Friday 28 March 2014

This farmer is claimed to be FATHER OF RADIO !!!

Nathan B. Stubblefield (November 22, 1860 - March 28, 1928) was an American inventor and Kentucky melon farmerIt has been claimed that Stubblefield demonstrated radio in 1892, but his devices seem to have worked by audio frequency induction or, later, audio frequency earth conduction (creating disturbances in the near-field region) rather than by radio frequency radiation for radio transmission telecommunications.

Though there were contemporaneous experiments by others such as William Preece, Stubblefield has been proposed as a claimant for the invention of wireless telephony, or wireless transmission of the human voice, which would, however conflict with the four documented patents for the photophone, invented jointly by Alexander Graham Bell and Charles Sumner Tainter in 1880. The photophone allowed for the transmission of sound on a beam of light, and on June 3, 1880 Bell and Tainter transmitted the world's first wireless telephone message on their newly invented form of telecommunication.
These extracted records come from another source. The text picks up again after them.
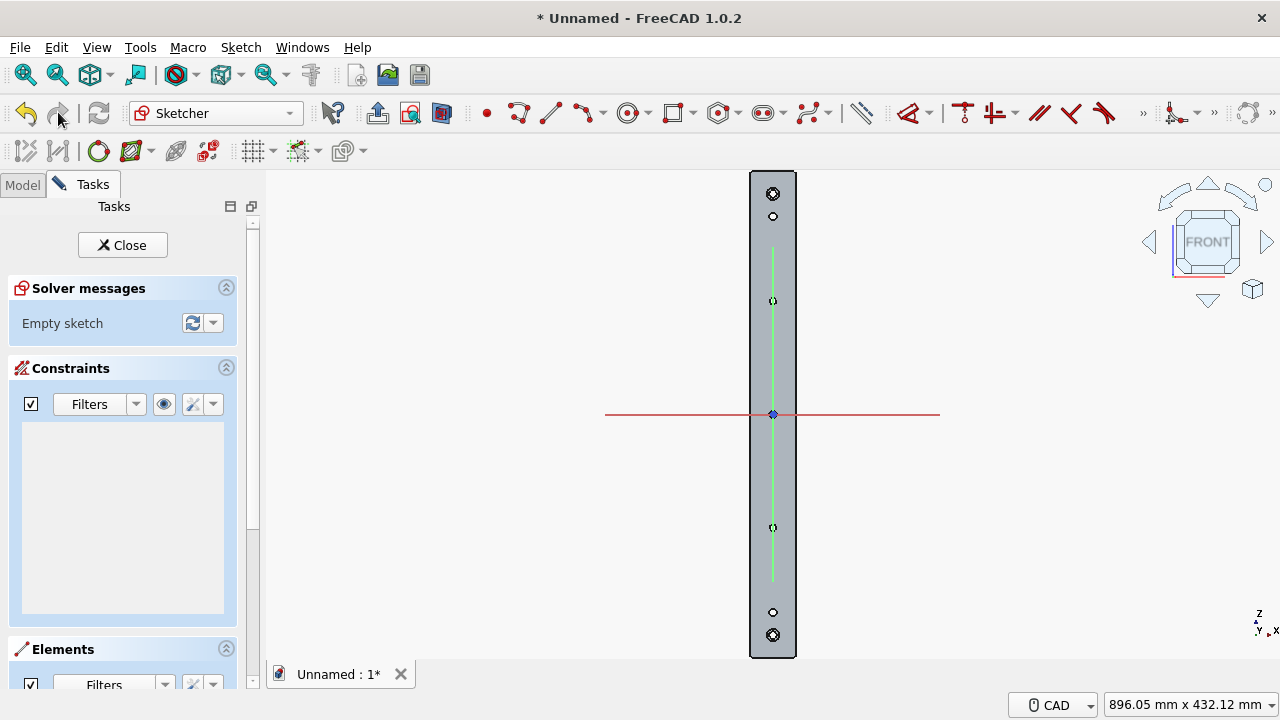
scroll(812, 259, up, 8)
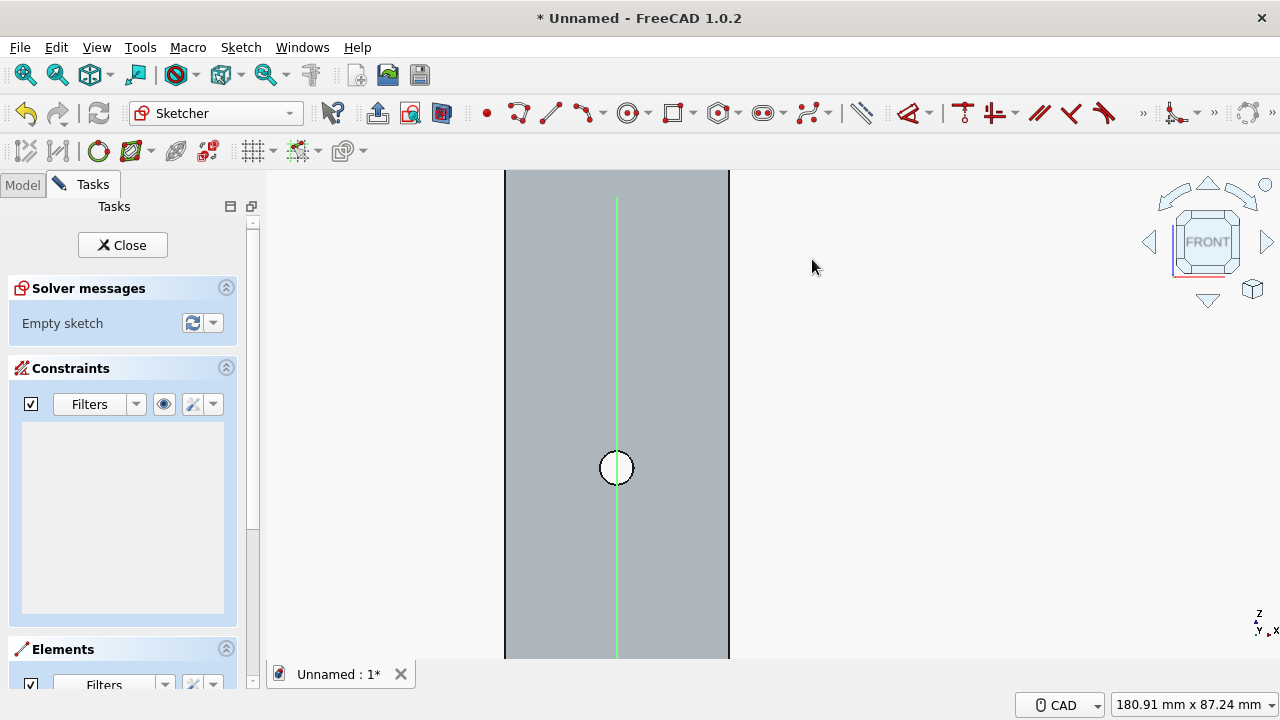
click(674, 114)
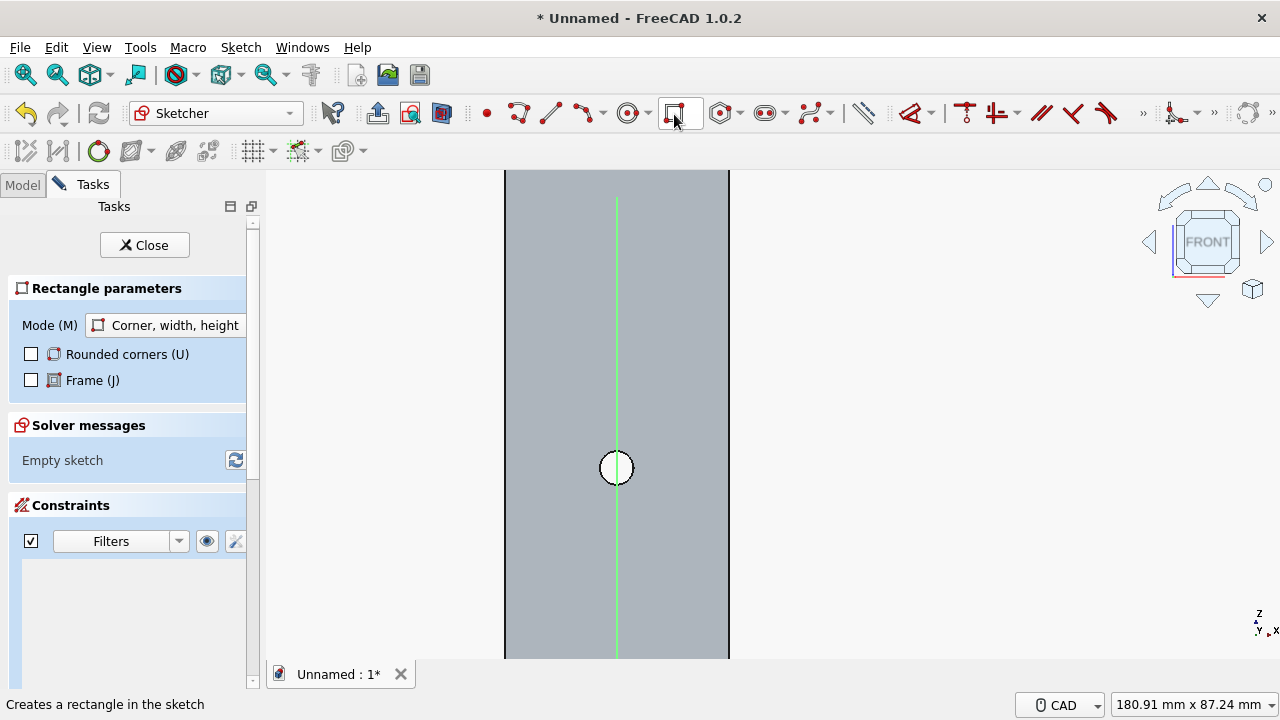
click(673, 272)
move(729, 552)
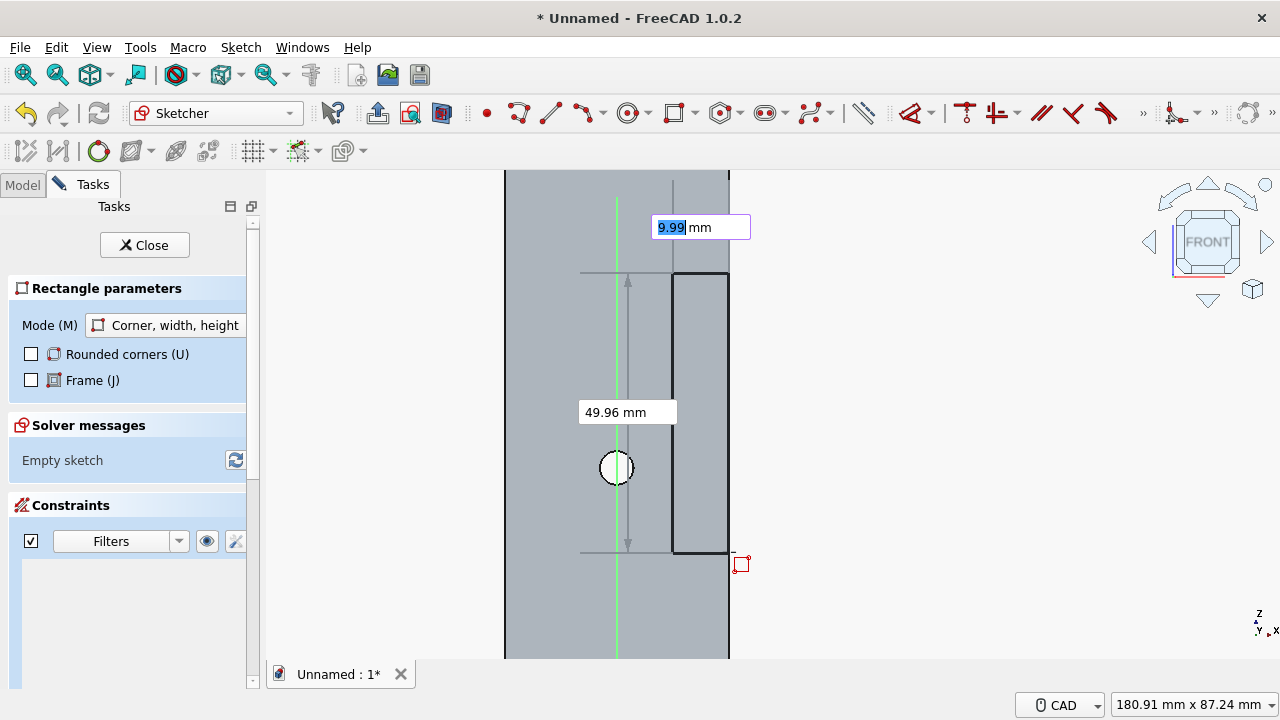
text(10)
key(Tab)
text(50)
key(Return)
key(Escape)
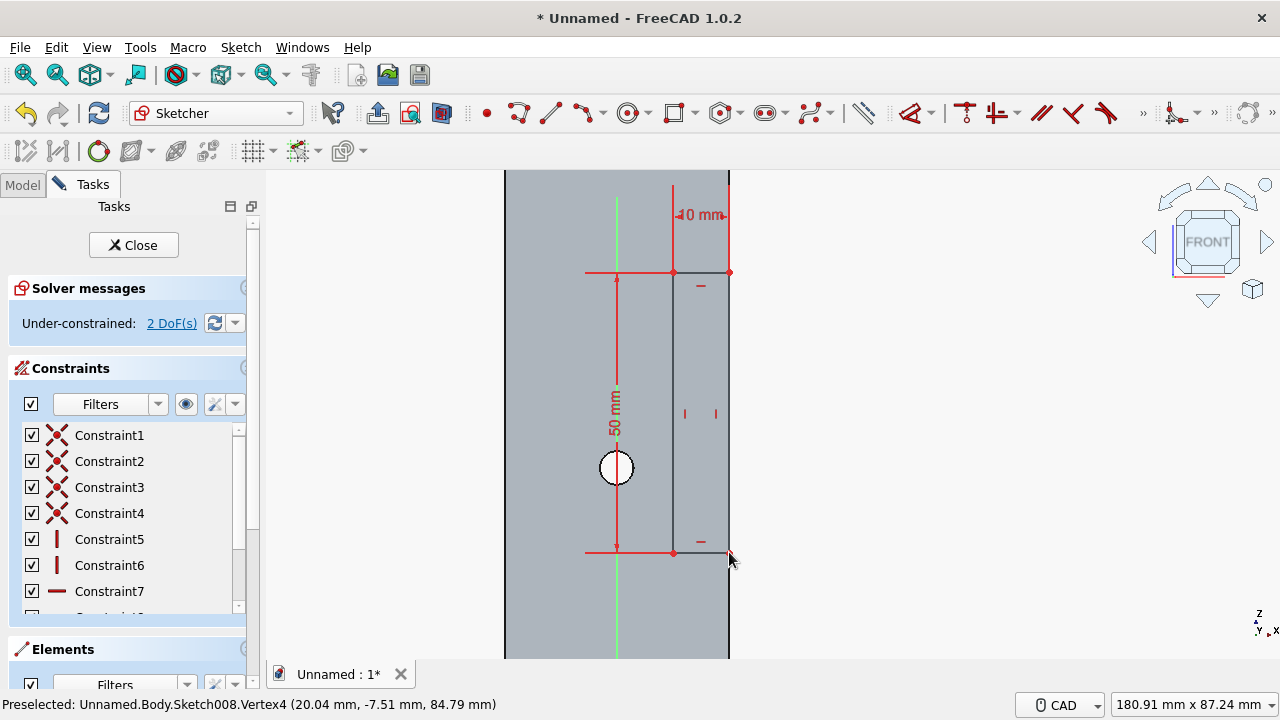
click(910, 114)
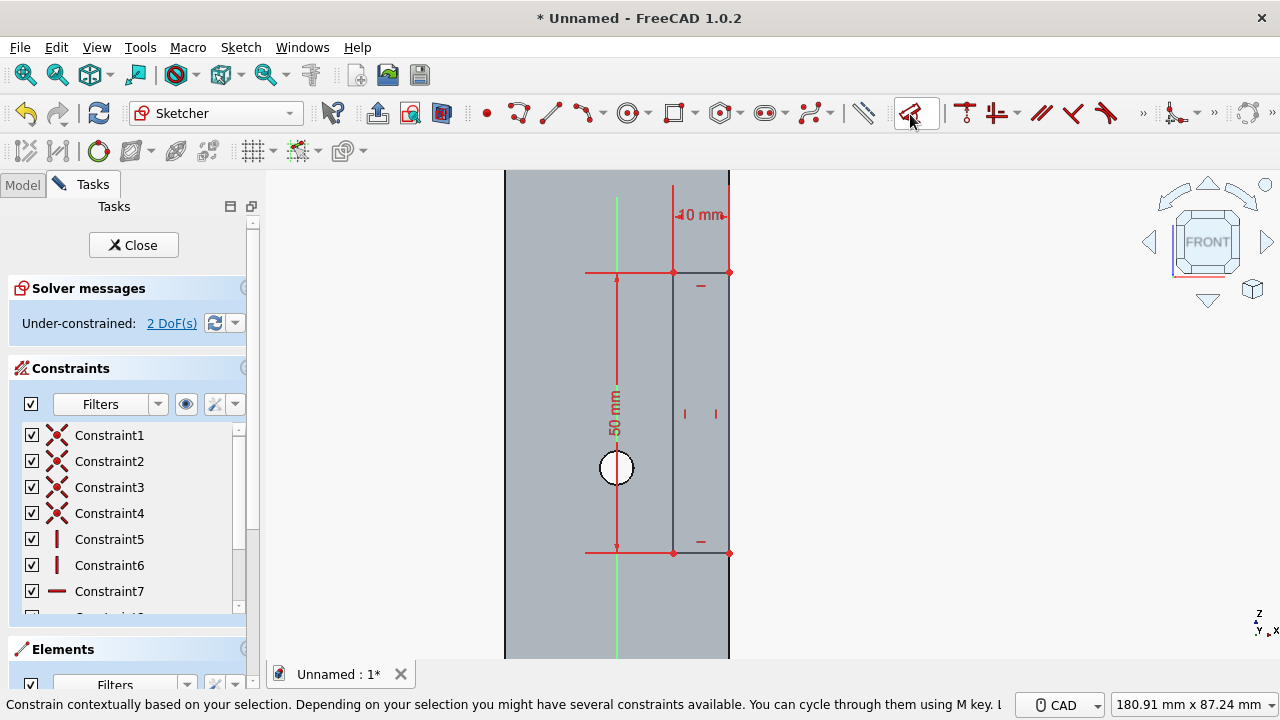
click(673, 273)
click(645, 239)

Stubblefield was the second of seven sons of a lawyer, William "Capt. Billy" Jefferson Stubblefield (1830–1874), and his mother Victoria Bowman (1837-1869) died of scarlet fever. Stubblefield lived in Murray, Kentucky. Stubblefield was tutored by a governess and later attended a boarding school called the "Male and Female Institute" in Farmington, until his father died in 1874, leaving Stubblefield an orphan at 14 years old.

Stubblefield was additionally self-educated by reading whatever publications were available in Murray, such as Scientific American and Electrical World. He married Ada Mae Buchannan in 1881. Stubblefield operated a home school called "The Nathan Stubblefield Industrial School," or "Teléph-on-délgreen Industrial School" built on his 85-acre (340,000 m2) melon farmland. It is now the campus of Murray State University.  In 1898,Stubblefield was issued U.S. Patent U.S. Patent 600,457 for an "Electric battery", which was an electrolytic coil of iron and insulated copper wire to be immersed in liquid or buried in the ground, where it could also serve as a ground terminal for wireless telephony.


He continued to experiment with wireless telephony, using large circular conduction coils to transmit voice frequencies to receiving stations. On May 12, 1908, he received U.S. patent 887,357 for his Wireless Telephone, using the voice frequency induction system. He said in the patent that it would be useful for "securing telephonic communications between moving vehicles and way stations". The diagram shows wireless telephony from trains, boats, and wagons. In foreign patents he showed wireless telephony with cars. However, there is no indication that he was using voice-modulated continuous high frequency waves, as used for radio today.



Stubblefield's inventions did not lead directly to radio as the technology works today, but the public demonstrations in 1902 and the press coverage in the newspapers helped to spur public interest in the possibilities of wireless transmission of voice and music. Most other inventors of the era sought to provide point-to-point messaging, to compete with telephone and telegraph companies. Stubblefield in the 1902 was in a sense the "Father of Broadcasting", in that he said to the St. Louis Post Dispatch reporter in 1902, "..it is capable of sending simultaneous messages from a central distributing station over a very wide territory. For instance, anyone having a receiving instrument, which would consist merely of a telephone receiver and a signalling gong, could, upon being signalled by a transmitting station in Washington, or nearer, if advisable, be informed of weather news. My apparatus is capable of sending out a gong signal, as well as voice messages. Eventually, it will be used for the general transmission of news of every description".


List of Patents 
U.S.A -
Lighting device - November 3, 1885.
Mechanical telephone - February 21, 1888.
Electric battery - March 8, 1898.
Wireless telephone - May 12, 1908.
Canada -
Wireless Telephone - October 20, 1908.